На лестнице, где стоял Голован, Голована уж не было — уехал. Не больно, конечно, для Голована сейчас компания — ехать с начальником депо, прав лишившись…

Солнце, что летом. Шалай — кряжистый, коротконогий, без шинели и без фуражки даже, пять волосков сразу пораскидало ветром — не спеша вышагивал тропинкою вдоль забора от служебного корпуса к станции «Новоселки». Трава уже лезла, листья какие-то трубкой, хорошо пахло землей, будто поле было кругом, и Шалай втягивал этот растревоженный запах ноздрями, ноздри шевелились, как у собаки.

14.04

Женька, выскочив из подъезда, инстинктивно побежала в другую сторону, противоположную той, откуда пришла. Ведь ничего ТОГО уже не было. Той улицы, по которой она летела сюда на крыльях. Тех простыней, которые парусили ей в проходном дворе. Собаки, которая улыбалась, заглядывая в стеклянную дверь магазина, и оглянулась на Женьку десять минут назад, с этой своей улыбкой на морде. Доброго солнца. Тугого неба, высоко, как купол, раскинутого над городом и будто звенящего само по себе от весеннего пробужденья. Толстого голубя, который гляделся в лужицу на асфальте и охорашивал себе перья…

Ничего ТОГО уже не было.

Женька огибала сейчас свежий квартал новостройки. И домах, заселенных недавно, ярко блестели стекла, балконные двери были уже открыты, музыка рвалась с третьего этажа, и песню эту знали даже младенцы. Но Женька сейчас ее не узнала, будто мелодии разворотили скулы. Звуки падали сверху — больно, как камни, хотелось закрыться от них руками, чтобы не слышать…

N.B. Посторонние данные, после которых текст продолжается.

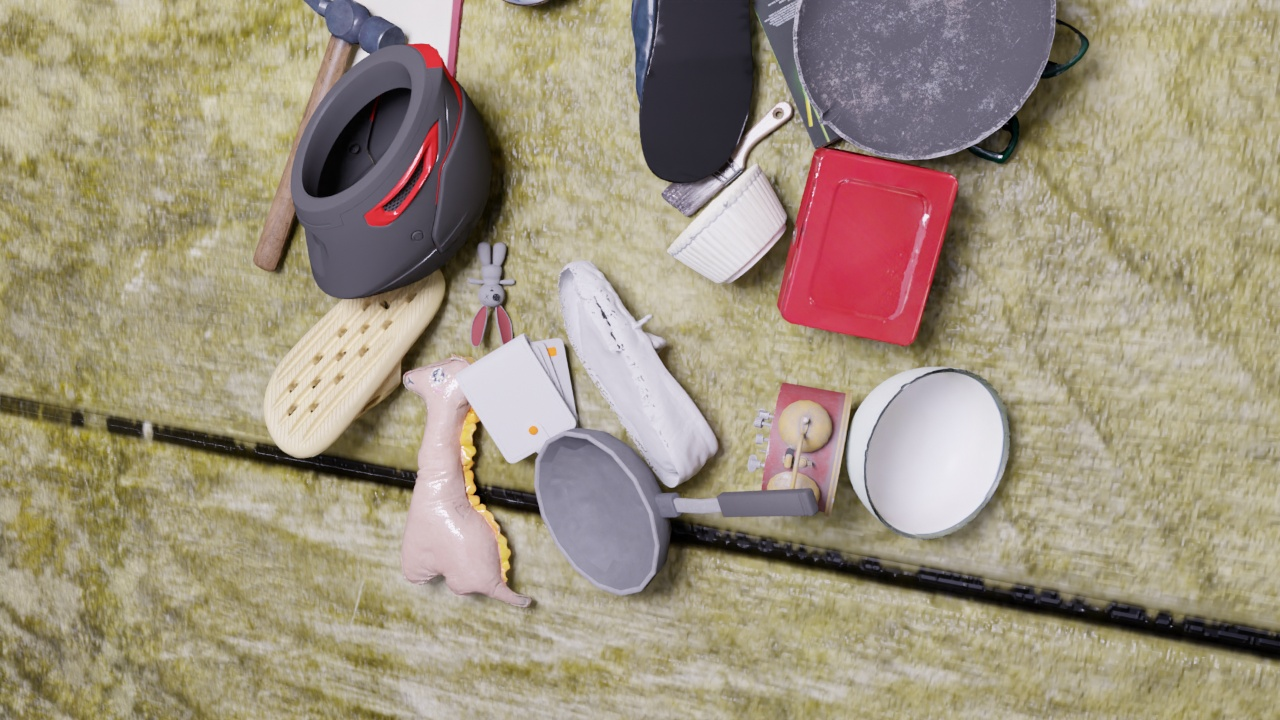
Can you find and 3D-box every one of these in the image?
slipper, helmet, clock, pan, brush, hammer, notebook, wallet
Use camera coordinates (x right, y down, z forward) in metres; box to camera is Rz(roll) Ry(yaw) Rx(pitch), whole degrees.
[{"bbox_3d":[-0.005,0.005,0.918,0.246,0.074,0.112,57,141,7],"label":"slipper"},{"bbox_3d":[-0.244,-0.173,0.926,0.265,0.169,0.164,-46,58,10],"label":"helmet"},{"bbox_3d":[0.043,-0.304,0.863,0.108,0.083,0.266,-3,106,-16],"label":"slipper"},{"bbox_3d":[0.140,0.080,0.830,0.081,0.158,0.117,10,100,12],"label":"clock"},{"bbox_3d":[0.024,0.136,0.867,0.358,0.041,0.178,-12,99,48],"label":"pan"},{"bbox_3d":[0.086,-0.197,0.890,0.151,0.012,0.039,-40,83,18],"label":"brush"},{"bbox_3d":[0.177,-0.326,0.746,0.357,0.040,0.208,49,124,-1],"label":"pan"},{"bbox_3d":[-0.373,-0.246,1.026,0.129,0.040,0.322,33,109,17],"label":"hammer"},{"bbox_3d":[-0.311,-0.007,1.025,0.111,0.079,0.261,40,89,13],"label":"slipper"},{"bbox_3d":[-0.265,-0.339,0.997,0.153,0.012,0.209,12,101,17],"label":"notebook"},{"bbox_3d":[-0.115,0.035,0.967,0.115,0.037,0.118,-30,98,6],"label":"wallet"}]

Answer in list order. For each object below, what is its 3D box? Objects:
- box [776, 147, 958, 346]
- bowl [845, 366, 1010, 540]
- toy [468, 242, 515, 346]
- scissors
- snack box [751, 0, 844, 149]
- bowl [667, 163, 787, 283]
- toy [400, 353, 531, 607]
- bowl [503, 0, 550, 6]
[{"bbox_3d":[0.199,-0.102,0.813,0.134,0.112,0.157,14,102,12],"label":"box"},{"bbox_3d":[0.245,0.076,0.819,0.153,0.073,0.153,-5,103,-21],"label":"bowl"},{"bbox_3d":[-0.160,-0.071,0.984,0.049,0.030,0.112,0,95,-9],"label":"toy"},{"bbox_3d":[0.268,-0.270,0.761,0.209,0.015,0.142,40,135,-6],"label":"scissors"},{"bbox_3d":[0.170,-0.279,0.843,0.080,0.025,0.147,-23,89,21],"label":"snack box"},{"bbox_3d":[0.087,-0.120,0.854,0.062,0.115,0.115,45,109,-7],"label":"bowl"},{"bbox_3d":[-0.188,0.131,1.012,0.196,0.065,0.264,14,94,6],"label":"toy"},{"bbox_3d":[-0.100,-0.406,0.911,0.114,0.045,0.114,3,98,19],"label":"bowl"}]

Молодая мама везла коляску навстречу.

Наклоняясь к коляске, она делала бессмысленные, уродливые движения, будто глухонемая, — щелкала пальцами, вытягивала дудочкой губы, надувала щеки и поднимала брови, как клоун. Глаза молодой мамы плавились горячей любовью к тому, что в коляске, и светлым доверием к миру, которому она дала то, что в коляске, — на счастье и радость.

Мимолетно она подняла взгляд на Женьку, ловя ответную радость и понимание. И во взгляде еще мелькнуло горделивое превосходство, потому что у девушки, бежавшей навстречу, наверное, еще не было того, что в коляске. А у нее уже было. И молодая мама, конечно об этом не думая, привычно готовилась прочесть в лице девушки скрытую зависть и ответить улыбкой, как женщина — женщине, что, мол, все еще будет…

Но лицо этой девушки в меховой куртке вдруг поразило ее бессмысленным, даже тупым выражением, какого она никак не ждала. Молодая мама даже приостановилась, перестала агукать, будто смутная чернота, в которую страшно заглядывать, прошла мимо нее вместе с этой девушкой. Вдруг, непонятно почему, стало страшно за то, что в коляске.

Она уже знала теперь это взрослое чувство, когда вдруг отчетливо, до физической боли, страшно не за себя. Хочется куда-то бежать, что-то делать, закричать громко, чтоб весь мир вздрогнул, и закрыть своим телом. Это если вдруг видишь в кино — стреляют, бомбят. Или прочтешь на стенке возле милиции: «Разыскивается девочка… четырех лет… приметы такие-то…» Или под окном, в кустах, истерично взовьется мальчишеский, подростковый голос: «Витька, убью, зараза!»